She arrived in Ireland on St Valentine's Day 1999, thinking it would be a one-year adventure. Having worked in Dublin for a year, she then moved to Co Clare, working in hotel management. Then in 2004, fate took a hand and she met husband Eoin O'Kelly who works in Lyric FM.

They married in 2006 and now have two daughters, aged six and four, whom Kirsti describes as Ireland's youngest herring connoisseurs.

"I had always dreamed of setting up my own business and, in 2012, I finally 'hopped off the wheel' to take time out. I booked myself into a Start Your Own Business course with Limerick City Enterprise Board and soon took the final leap into the unknown and formed a company.

"The stall at Limerick's Milk Market has given me direct access to customers and an opportunity to get feedback on the products. I now have a good cohort of regular customers and it is this more than anything else that convinces me there can be a national and maybe even an international market for the food I make."

Having learned to marinate herrings according to traditional recipes passed on from her mother and grandmother, Kirsti's 'Silver Darlings' use a contemporary take on the traditional Nordic methods. Kirsti sources her fish from Mick O'Donnell of Island Seafoods in Killybegs, fresh Irish Atlantic herrings.

The fish is marinated in a combination of mild vinegars and spices, which dissolve the herring bones and keep the integrity of the fish flesh, allowing it to take on the subtle flavours of aromatic spices like mustard seeds, sandalwood, cinnamon, bay leaves, cloves. They are a great source of Omega 3 fatty acids.

In Nordic countries, marinated herrings are traditionally enjoyed as a starter and often paired with rye sourdough bread or baby boiled potatoes. They are also used in salads with pungent leaves, beetroot or boiled eggs and every conceivable kind of vodka or schnapps.

"While I use traditional methods, my original training was as a chef, so the first year of the company has been spent, in large part, inventing and developing new recipes and expanding and diversifying my range in numerous ways. Products like my beetroot and horseradish herring are my own invention and don't exist yet in my native Finland."

The biggest challenge so far, Kirsti says, has been time.

"Running a food business with one staff, plus a family with two small children and Eoin working full time, is a major task, so grandparents, along with all our neighbours, have picked up the child minding to support us.

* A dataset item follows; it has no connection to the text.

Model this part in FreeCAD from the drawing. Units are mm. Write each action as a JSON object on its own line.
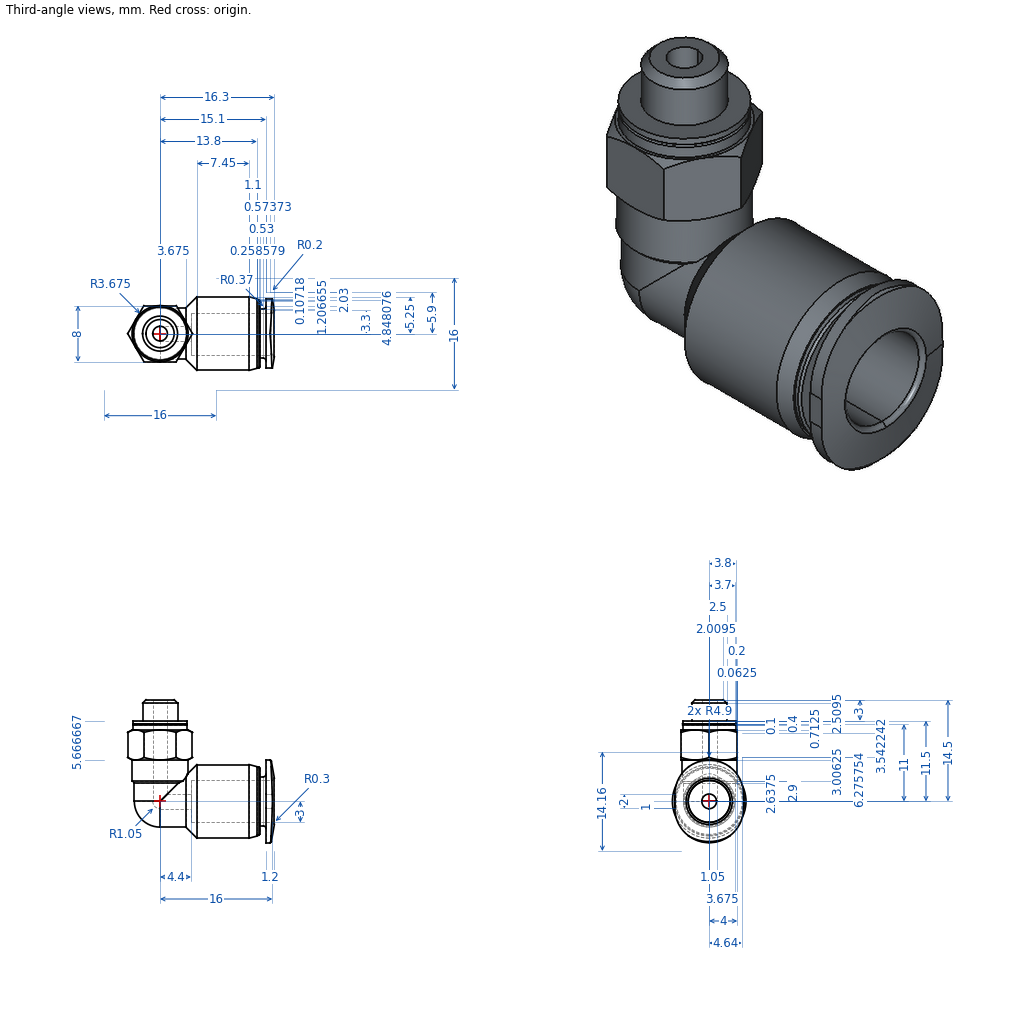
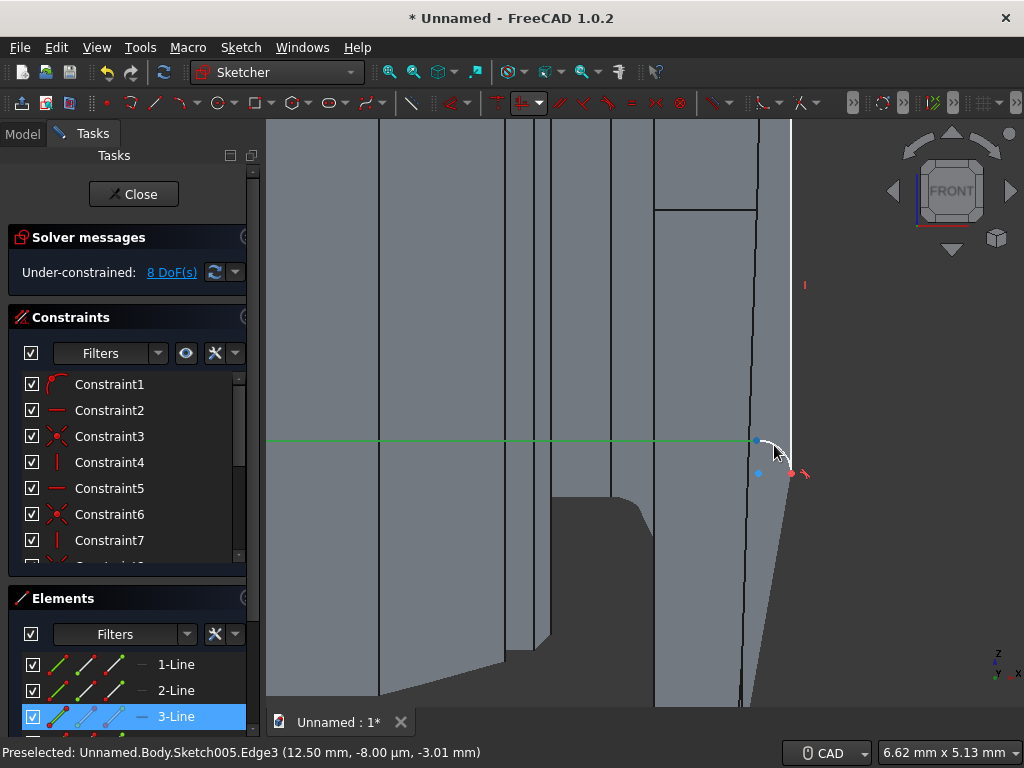
{"action": "left_click", "coordinate": [772, 443]}
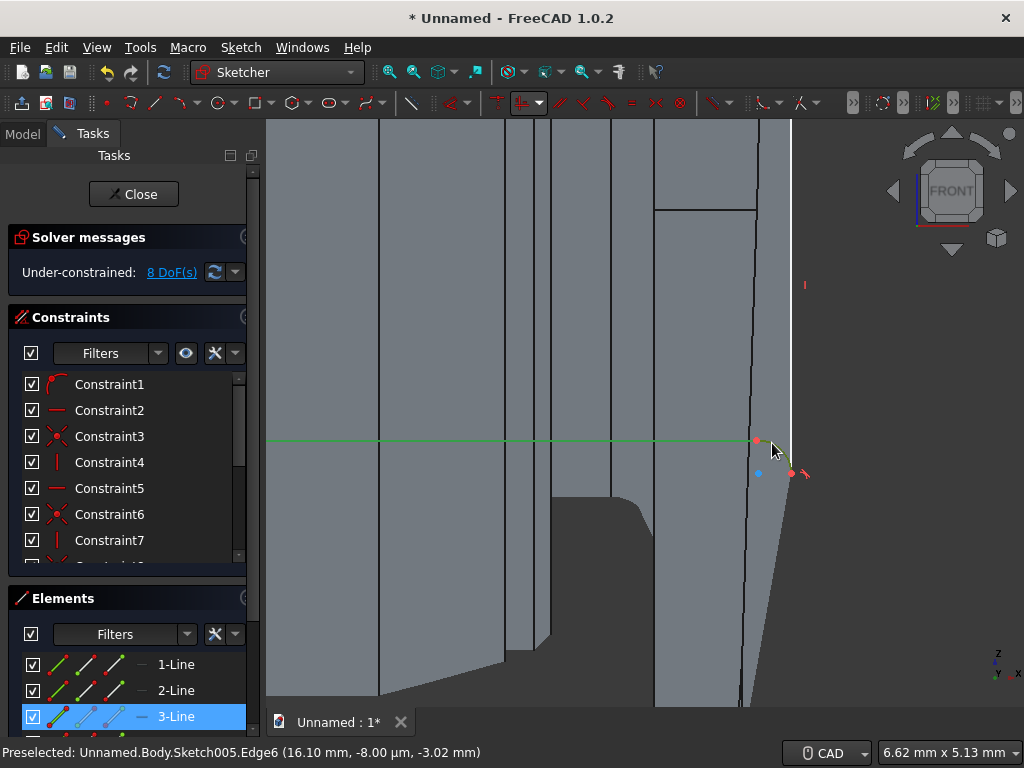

"There have been other challenges, too. Herring is a fish that in some respects needs its image rehabilitated. Some people have an initial scepticism, which in most cases melts away with their first taste. Trying to politely explain to people that my foods are very different and much more refined and complex in their flavours than roll mops, with which they might be familiar, is another part of the challenge," explains Kirsti.

"As for my future plans, I will be conquering the Irish market yet for a while, but this product is ideal also for export as it has a nine-month shelf life and innovative flavours compared to typical pickled herring offerings.

"The first step to success is to reintroduce Irish herring to Irish people and Irish chefs. I have a few wonderful chefs who have discovered the possibilities with my herring products, such as Jess Murphy in Kai Galway and Tom Flavin in the Strand Hotel in Limerick. We have very recently started being distributed by Redmond's Fine Foods and the products have been taken by other restaurants, such as Eastern Seaboard in Drogheda and The Mustard Seed in Ballingarry," she says.

The retail range is now available from a number of outlets, including Avoca, Fallon & Byrne, Morton's, Caviston's, Urru and so forth. Prices range from €3.90 to €4.50.

"Silver Darlings has received wonderful support also from BIM and their Seafood Development Centre (SDC). The SDC team are highly qualified in food science and business to tailor a development plan just for me, and their sheer enthusiasm and belief in me made me realise how possible it really was to follow that plan and make this all actually happen."